Commanders and leaders
- Pancho Villa Felipe Ángeles: José Refugio Velasco Benjamín Argumedo

Strength
- 18,000 men, with 34 pieces of artillery: 16,550 men, with 24 cannons

Casualties and losses
- 1,500: 8,000

= Second Battle of Torreón =

The Second Battle of Torreón, which lasted from March 21 to April 2, 1914, was one of the major battles of the Mexican Revolution, where revolutionaries led by Pancho Villa occupied a city protected by Huertist federal forces.

==Background==
The first phase of the revolution, which began in 1910, ended with the victory of the revolutionaries: President Porfirio Díaz, who resigned in 1911, was later replaced by the revolutionary Francisco Ignacio Madero. However, in early 1913, with the help of the betrayal of Victoriano Huerta, the followers of the old system murdered Madero, and Huerta became the new president.
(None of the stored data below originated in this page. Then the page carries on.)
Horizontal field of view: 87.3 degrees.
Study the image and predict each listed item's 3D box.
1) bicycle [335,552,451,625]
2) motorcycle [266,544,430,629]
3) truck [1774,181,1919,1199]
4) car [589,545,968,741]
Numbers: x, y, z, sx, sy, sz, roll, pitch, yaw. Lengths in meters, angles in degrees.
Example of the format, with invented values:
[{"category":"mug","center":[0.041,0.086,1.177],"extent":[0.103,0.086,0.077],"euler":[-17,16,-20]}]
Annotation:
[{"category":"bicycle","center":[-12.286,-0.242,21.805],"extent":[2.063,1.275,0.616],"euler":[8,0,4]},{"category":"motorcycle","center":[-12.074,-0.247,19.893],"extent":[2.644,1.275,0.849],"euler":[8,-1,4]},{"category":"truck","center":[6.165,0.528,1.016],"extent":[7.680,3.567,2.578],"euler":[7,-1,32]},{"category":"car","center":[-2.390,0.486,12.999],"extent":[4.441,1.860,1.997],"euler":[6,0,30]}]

Against him, a nationwide coalition developed among former revolutionaries, the main commander of the antihuertist movement in Chihuahua was Pancho Villa, although it was Governor Venustiano Carranza of Coahuila who appointed himself commander-in-chief of the entire uprising.

Villa returned to Mexico with only 8 companions from the United States in the spring, but as the months passed, more and more people joined him and acquired more and more weapons. Torreón was once occupied in the fall of 1913, but while fighting later in Chihuahua, government forces regained the city.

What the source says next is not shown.